» EXERCISE PROMPT
With pictures excluded, output exactly the lines that run from the first line of the data below through the line containing "prevX: number".

(SUPPLIED DATA begins)

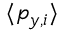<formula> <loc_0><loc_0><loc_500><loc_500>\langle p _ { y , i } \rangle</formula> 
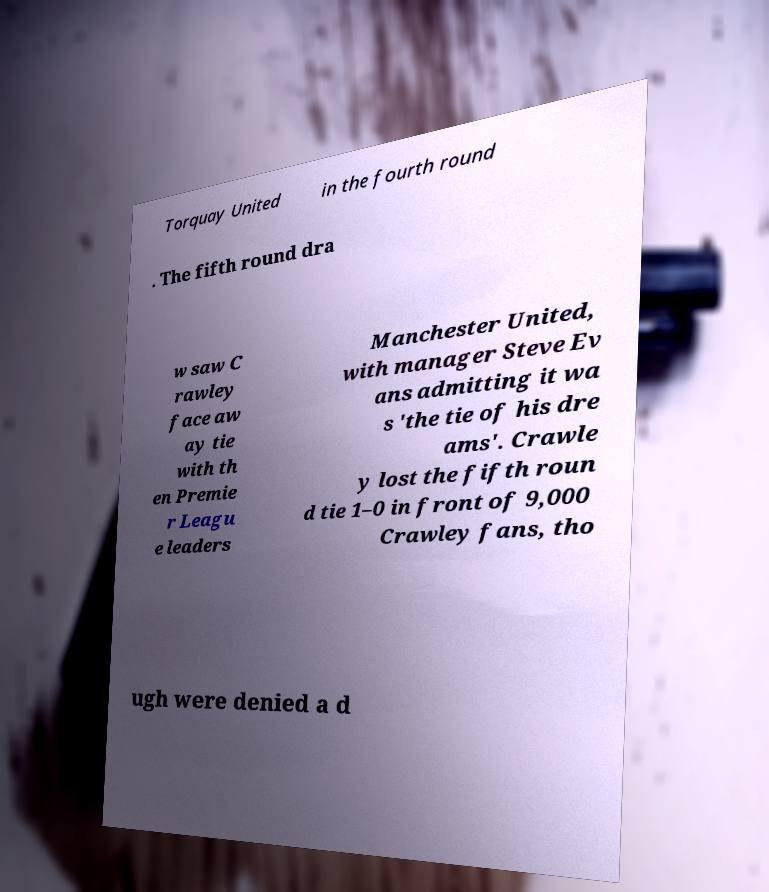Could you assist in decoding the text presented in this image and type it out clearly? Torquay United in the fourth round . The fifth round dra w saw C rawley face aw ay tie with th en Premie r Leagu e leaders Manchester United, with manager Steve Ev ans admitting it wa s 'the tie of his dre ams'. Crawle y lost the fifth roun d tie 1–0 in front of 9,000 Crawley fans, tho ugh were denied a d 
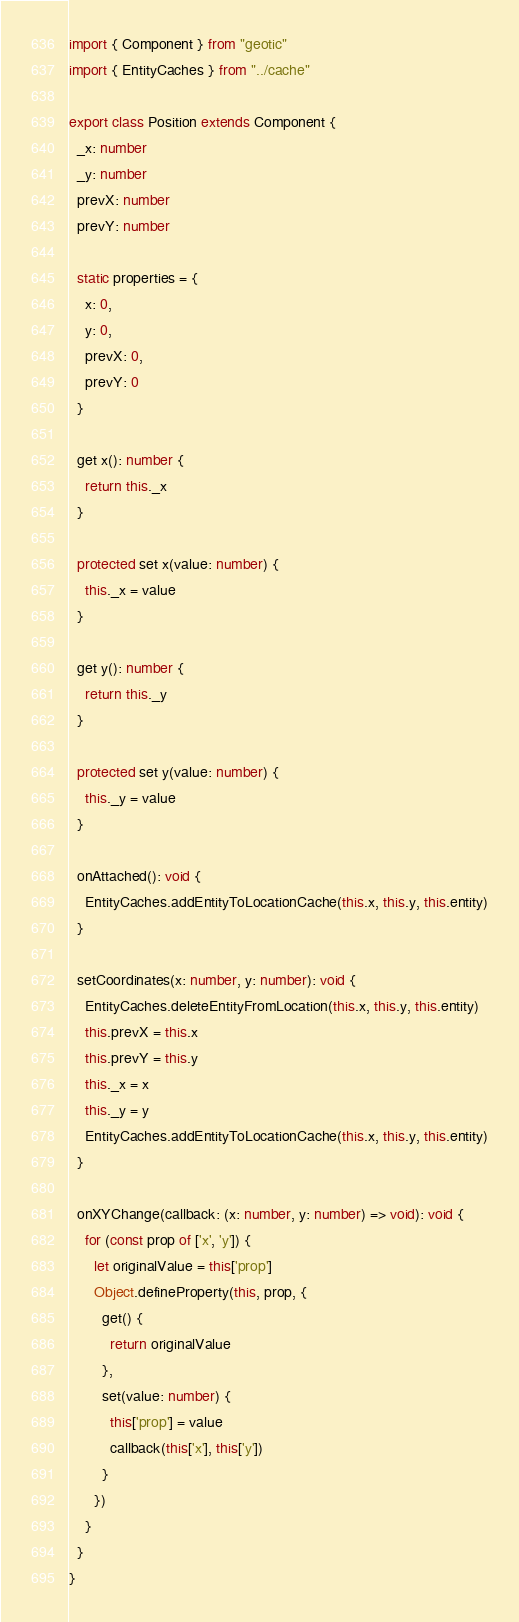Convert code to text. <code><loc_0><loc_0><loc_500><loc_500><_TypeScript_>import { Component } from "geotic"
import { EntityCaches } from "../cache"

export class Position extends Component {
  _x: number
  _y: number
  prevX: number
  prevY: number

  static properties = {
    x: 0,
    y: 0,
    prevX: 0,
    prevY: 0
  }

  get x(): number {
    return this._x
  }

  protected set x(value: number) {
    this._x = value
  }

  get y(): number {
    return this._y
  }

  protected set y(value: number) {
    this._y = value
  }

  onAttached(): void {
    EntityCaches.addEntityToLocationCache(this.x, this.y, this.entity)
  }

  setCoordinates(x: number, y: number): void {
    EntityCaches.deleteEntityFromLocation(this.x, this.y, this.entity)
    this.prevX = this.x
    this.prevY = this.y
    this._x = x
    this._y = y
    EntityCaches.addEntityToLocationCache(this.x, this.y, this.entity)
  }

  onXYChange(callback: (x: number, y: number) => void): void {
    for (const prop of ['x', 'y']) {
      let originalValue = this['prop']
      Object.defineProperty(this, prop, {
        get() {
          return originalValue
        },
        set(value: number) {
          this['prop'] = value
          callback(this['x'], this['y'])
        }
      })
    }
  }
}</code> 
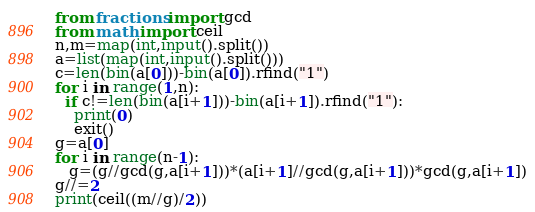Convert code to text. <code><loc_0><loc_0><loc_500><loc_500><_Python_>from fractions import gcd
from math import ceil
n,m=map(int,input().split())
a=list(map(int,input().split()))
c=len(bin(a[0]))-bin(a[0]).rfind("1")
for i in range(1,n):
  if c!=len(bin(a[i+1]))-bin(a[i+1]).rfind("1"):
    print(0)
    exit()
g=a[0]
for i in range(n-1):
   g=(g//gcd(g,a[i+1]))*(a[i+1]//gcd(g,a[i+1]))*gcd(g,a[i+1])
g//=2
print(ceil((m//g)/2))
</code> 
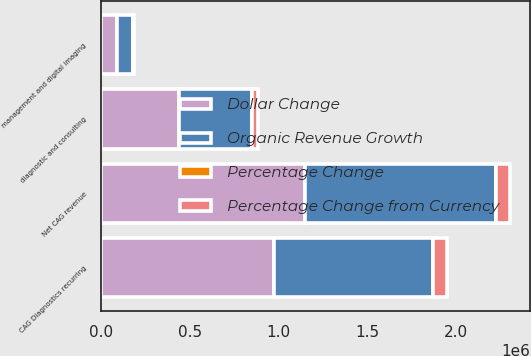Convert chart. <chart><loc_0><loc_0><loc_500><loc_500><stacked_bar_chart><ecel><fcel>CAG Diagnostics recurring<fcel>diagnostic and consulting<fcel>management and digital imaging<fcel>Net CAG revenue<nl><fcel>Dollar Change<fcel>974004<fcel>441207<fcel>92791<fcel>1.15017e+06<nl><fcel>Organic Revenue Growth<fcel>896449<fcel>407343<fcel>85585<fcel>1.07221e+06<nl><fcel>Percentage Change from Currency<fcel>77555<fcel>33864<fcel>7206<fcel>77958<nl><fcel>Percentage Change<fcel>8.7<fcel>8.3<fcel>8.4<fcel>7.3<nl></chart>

(SUPPLIED DATA ends)

» SOLVED EXERCISE
<formula> <loc_0><loc_0><loc_500><loc_500>\langle p _ { y , i } \rangle</formula> 
Could you assist in decoding the text presented in this image and type it out clearly? Torquay United in the fourth round . The fifth round dra w saw C rawley face aw ay tie with th en Premie r Leagu e leaders Manchester United, with manager Steve Ev ans admitting it wa s 'the tie of his dre ams'. Crawle y lost the fifth roun d tie 1–0 in front of 9,000 Crawley fans, tho ugh were denied a d 
Convert code to text. <code><loc_0><loc_0><loc_500><loc_500><_TypeScript_>import { Component } from "geotic"
import { EntityCaches } from "../cache"

export class Position extends Component {
  _x: number
  _y: number
  prevX: number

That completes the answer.